67 % aller Mütter arbeiten in Teilzeit, 9 % aller Väter

Die Geburt des eigenen Kindes führt vor allem bei Frauen zu einer Reduktion der Arbeitszeit. Im Jahr 2023 gingen 67 % aller Mütter mit mindestens einem Kind unter 18 Jahren einer Teilzeitbeschäftigung nach, aber nur 9 % aller Väter. Zum Vergleich: Bei Beschäftigten ohne Kinder sind die Unterschiede weniger deutlich. Hier lag die Teilzeitquote von Frauen bei 39 %, Männer ohne Kinder arbeiteten zu 16 % in Teilzeit.

Frauen arbeiten am häufigsten wegen Betreuungspflichten in Teilzeit, Männer wegen Bildung

Die Gründe für Teilzeitbeschäftigung sind vielfältig, auch hier gibt es große Geschlechterunterschiede.

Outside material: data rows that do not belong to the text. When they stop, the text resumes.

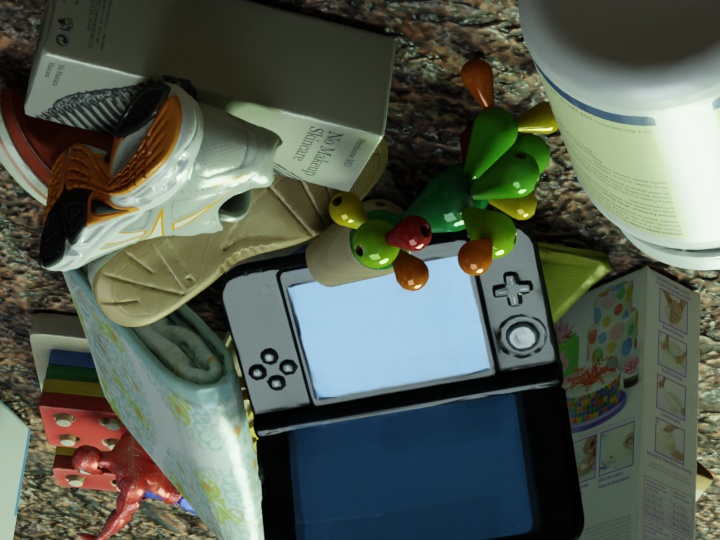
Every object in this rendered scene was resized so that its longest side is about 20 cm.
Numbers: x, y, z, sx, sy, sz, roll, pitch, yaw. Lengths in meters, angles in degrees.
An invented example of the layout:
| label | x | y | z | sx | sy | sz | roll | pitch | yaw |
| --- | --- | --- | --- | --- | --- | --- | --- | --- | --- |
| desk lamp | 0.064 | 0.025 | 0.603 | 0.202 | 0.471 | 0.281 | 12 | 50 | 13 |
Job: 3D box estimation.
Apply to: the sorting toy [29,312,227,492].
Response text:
| label | x | y | z | sx | sy | sz | roll | pitch | yaw |
| --- | --- | --- | --- | --- | --- | --- | --- | --- | --- |
| sorting toy | -0.144 | 0.116 | 1.859 | 0.197 | 0.070 | 0.200 | 6 | 152 | 2 |

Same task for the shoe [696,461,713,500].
| label | x | y | z | sx | sy | sz | roll | pitch | yaw |
| --- | --- | --- | --- | --- | --- | --- | --- | --- | --- |
| shoe | 0.182 | 0.137 | 1.810 | 0.200 | 0.070 | 0.053 | 29 | 105 | -39 |

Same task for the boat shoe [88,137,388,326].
| label | x | y | z | sx | sy | sz | roll | pitch | yaw |
| --- | --- | --- | --- | --- | --- | --- | --- | --- | --- |
| boat shoe | -0.080 | -0.043 | 1.507 | 0.199 | 0.069 | 0.071 | -29 | 121 | -6 |

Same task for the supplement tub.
| label | x | y | z | sx | sy | sz | roll | pitch | yaw |
| --- | --- | --- | --- | --- | --- | --- | --- | --- | --- |
| supplement tub | 0.170 | -0.101 | 1.297 | 0.144 | 0.146 | 0.200 | -2 | 151 | 16 |

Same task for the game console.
| label | x | y | z | sx | sy | sz | roll | pitch | yaw |
| --- | --- | --- | --- | --- | --- | --- | --- | --- | --- |
| game console | 0.024 | 0.081 | 1.515 | 0.199 | 0.117 | 0.177 | -10 | 120 | 6 |

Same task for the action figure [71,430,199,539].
| label | x | y | z | sx | sy | sz | roll | pitch | yaw |
| --- | --- | --- | --- | --- | --- | --- | --- | --- | --- |
| action figure | -0.131 | 0.176 | 1.814 | 0.199 | 0.066 | 0.099 | 22 | 132 | -26 |

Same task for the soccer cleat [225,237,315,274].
| label | x | y | z | sx | sy | sz | roll | pitch | yaw |
| --- | --- | --- | --- | --- | --- | --- | --- | --- | --- |
| soccer cleat | 0.000 | 0.000 | 1.626 | 0.199 | 0.086 | 0.070 | 3 | 125 | -36 |

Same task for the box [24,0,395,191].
| label | x | y | z | sx | sy | sz | roll | pitch | yaw |
| --- | --- | --- | --- | --- | --- | --- | --- | --- | --- |
| box | -0.086 | -0.111 | 1.419 | 0.199 | 0.069 | 0.082 | 13 | 154 | -10 |

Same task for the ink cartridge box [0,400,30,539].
| label | x | y | z | sx | sy | sz | roll | pitch | yaw |
| --- | --- | --- | --- | --- | --- | --- | --- | --- | --- |
| ink cartridge box | -0.373 | 0.177 | 1.946 | 0.199 | 0.145 | 0.085 | -4 | 152 | 20 |

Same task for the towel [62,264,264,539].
| label | x | y | z | sx | sy | sz | roll | pitch | yaw |
| --- | --- | --- | --- | --- | --- | --- | --- | --- | --- |
| towel | -0.127 | 0.076 | 1.652 | 0.048 | 0.200 | 0.172 | -30 | 137 | -16 |

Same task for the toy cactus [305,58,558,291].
| label | x | y | z | sx | sy | sz | roll | pitch | yaw |
| --- | --- | --- | --- | --- | --- | --- | --- | --- | --- |
| toy cactus | 0.030 | -0.038 | 1.440 | 0.165 | 0.200 | 0.103 | -25 | 104 | 37 |

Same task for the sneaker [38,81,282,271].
| label | x | y | z | sx | sy | sz | roll | pitch | yaw |
| --- | --- | --- | --- | --- | --- | --- | --- | --- | --- |
| sneaker | -0.116 | -0.039 | 1.418 | 0.092 | 0.076 | 0.200 | 15 | 158 | -27 |

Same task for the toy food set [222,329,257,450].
| label | x | y | z | sx | sy | sz | roll | pitch | yaw |
| --- | --- | --- | --- | --- | --- | --- | --- | --- | --- |
| toy food set | -0.032 | 0.091 | 1.725 | 0.143 | 0.061 | 0.200 | 3 | 140 | -24 |

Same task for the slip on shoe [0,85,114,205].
| label | x | y | z | sx | sy | sz | roll | pitch | yaw |
| --- | --- | --- | --- | --- | --- | --- | --- | --- | --- |
| slip on shoe | -0.155 | -0.063 | 1.539 | 0.061 | 0.074 | 0.200 | -38 | 132 | 23 |

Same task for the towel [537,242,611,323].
| label | x | y | z | sx | sy | sz | roll | pitch | yaw |
| --- | --- | --- | --- | --- | --- | --- | --- | --- | --- |
| towel | 0.079 | 0.053 | 1.647 | 0.086 | 0.018 | 0.200 | 6 | 136 | -41 |

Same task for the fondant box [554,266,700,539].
| label | x | y | z | sx | sy | sz | roll | pitch | yaw |
| --- | --- | --- | --- | --- | --- | --- | --- | --- | --- |
| fondant box | 0.155 | 0.115 | 1.646 | 0.058 | 0.201 | 0.144 | 23 | 148 | -33 |

Während 27 % der teilzeitbeschäftigten Frauen die Betreuung von Kindern als Grund für die reduzierte Arbeitszeit angaben, traf dies bei Männern lediglich auf knapp 6 % zu. Der Unterschied bleibt auch bestehen, wenn man nur teilzeitbeschäftigte Eltern betrachtet, wenngleich auf höherem Niveau. Während 63 % der Mütter mit minderjährigen Kindern in Teilzeit die Betreuung von Kindern als Grund für ihre Teilzeitarbeit angaben, waren es bei Vätern lediglich 29 %.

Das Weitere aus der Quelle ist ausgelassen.